+++ RECORDED INFORMATION +++

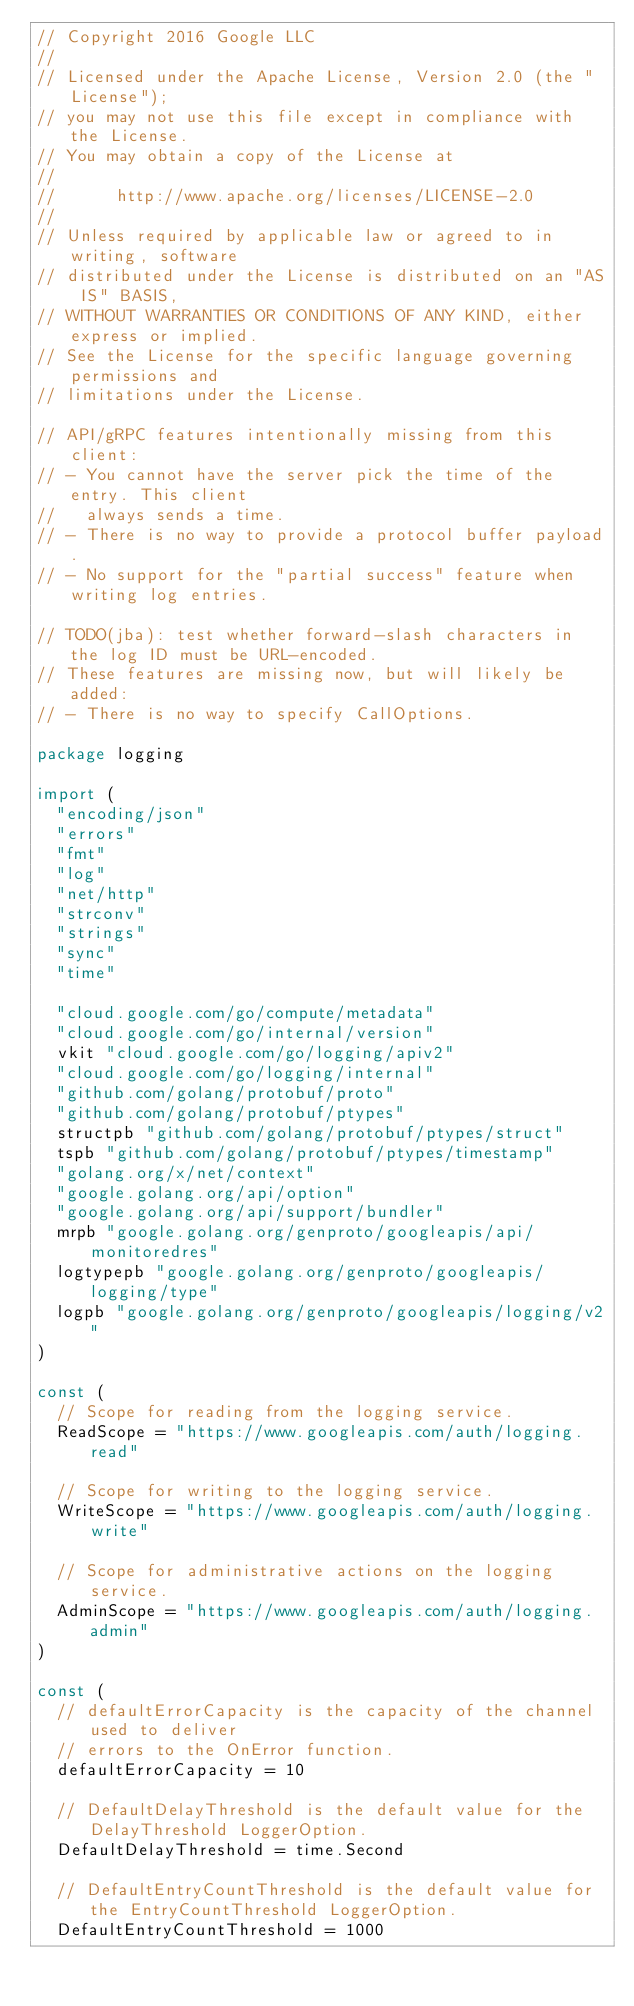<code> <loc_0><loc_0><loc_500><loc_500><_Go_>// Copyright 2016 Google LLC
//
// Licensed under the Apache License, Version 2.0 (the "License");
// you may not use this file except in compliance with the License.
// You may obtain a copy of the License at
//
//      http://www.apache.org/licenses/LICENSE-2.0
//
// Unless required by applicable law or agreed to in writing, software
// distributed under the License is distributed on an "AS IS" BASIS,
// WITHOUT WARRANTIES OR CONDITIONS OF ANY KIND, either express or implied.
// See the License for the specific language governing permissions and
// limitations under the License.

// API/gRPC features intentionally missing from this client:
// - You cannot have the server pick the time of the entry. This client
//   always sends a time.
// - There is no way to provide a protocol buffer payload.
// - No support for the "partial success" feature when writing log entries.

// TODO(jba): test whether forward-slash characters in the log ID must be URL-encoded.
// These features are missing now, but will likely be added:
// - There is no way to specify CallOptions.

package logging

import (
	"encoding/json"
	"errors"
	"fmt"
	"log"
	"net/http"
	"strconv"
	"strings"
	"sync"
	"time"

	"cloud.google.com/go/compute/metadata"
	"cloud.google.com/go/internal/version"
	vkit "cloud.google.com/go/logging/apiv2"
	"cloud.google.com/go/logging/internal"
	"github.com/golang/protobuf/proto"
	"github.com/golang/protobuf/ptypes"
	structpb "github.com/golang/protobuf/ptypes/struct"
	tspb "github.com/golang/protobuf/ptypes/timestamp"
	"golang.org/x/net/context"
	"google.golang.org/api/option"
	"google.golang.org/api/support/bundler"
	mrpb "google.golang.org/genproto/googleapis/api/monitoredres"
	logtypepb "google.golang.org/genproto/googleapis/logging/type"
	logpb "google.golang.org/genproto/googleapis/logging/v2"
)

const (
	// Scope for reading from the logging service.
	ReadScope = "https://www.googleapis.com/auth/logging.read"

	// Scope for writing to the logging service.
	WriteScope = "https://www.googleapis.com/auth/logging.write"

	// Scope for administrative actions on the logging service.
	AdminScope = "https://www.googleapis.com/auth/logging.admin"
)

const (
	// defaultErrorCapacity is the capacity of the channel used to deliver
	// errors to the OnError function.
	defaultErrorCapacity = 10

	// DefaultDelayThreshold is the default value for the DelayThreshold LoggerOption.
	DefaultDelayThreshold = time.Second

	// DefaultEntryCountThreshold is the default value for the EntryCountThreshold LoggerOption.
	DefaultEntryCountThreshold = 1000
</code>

+++

• _WHAT IS BEING ASKED_: Leave the images out and give the rest of the data again exactly.

• _EXERCISE RESPONSE_:
<code> <loc_0><loc_0><loc_500><loc_500><_Go_>// Copyright 2016 Google LLC
//
// Licensed under the Apache License, Version 2.0 (the "License");
// you may not use this file except in compliance with the License.
// You may obtain a copy of the License at
//
//      http://www.apache.org/licenses/LICENSE-2.0
//
// Unless required by applicable law or agreed to in writing, software
// distributed under the License is distributed on an "AS IS" BASIS,
// WITHOUT WARRANTIES OR CONDITIONS OF ANY KIND, either express or implied.
// See the License for the specific language governing permissions and
// limitations under the License.

// API/gRPC features intentionally missing from this client:
// - You cannot have the server pick the time of the entry. This client
//   always sends a time.
// - There is no way to provide a protocol buffer payload.
// - No support for the "partial success" feature when writing log entries.

// TODO(jba): test whether forward-slash characters in the log ID must be URL-encoded.
// These features are missing now, but will likely be added:
// - There is no way to specify CallOptions.

package logging

import (
	"encoding/json"
	"errors"
	"fmt"
	"log"
	"net/http"
	"strconv"
	"strings"
	"sync"
	"time"

	"cloud.google.com/go/compute/metadata"
	"cloud.google.com/go/internal/version"
	vkit "cloud.google.com/go/logging/apiv2"
	"cloud.google.com/go/logging/internal"
	"github.com/golang/protobuf/proto"
	"github.com/golang/protobuf/ptypes"
	structpb "github.com/golang/protobuf/ptypes/struct"
	tspb "github.com/golang/protobuf/ptypes/timestamp"
	"golang.org/x/net/context"
	"google.golang.org/api/option"
	"google.golang.org/api/support/bundler"
	mrpb "google.golang.org/genproto/googleapis/api/monitoredres"
	logtypepb "google.golang.org/genproto/googleapis/logging/type"
	logpb "google.golang.org/genproto/googleapis/logging/v2"
)

const (
	// Scope for reading from the logging service.
	ReadScope = "https://www.googleapis.com/auth/logging.read"

	// Scope for writing to the logging service.
	WriteScope = "https://www.googleapis.com/auth/logging.write"

	// Scope for administrative actions on the logging service.
	AdminScope = "https://www.googleapis.com/auth/logging.admin"
)

const (
	// defaultErrorCapacity is the capacity of the channel used to deliver
	// errors to the OnError function.
	defaultErrorCapacity = 10

	// DefaultDelayThreshold is the default value for the DelayThreshold LoggerOption.
	DefaultDelayThreshold = time.Second

	// DefaultEntryCountThreshold is the default value for the EntryCountThreshold LoggerOption.
	DefaultEntryCountThreshold = 1000
</code>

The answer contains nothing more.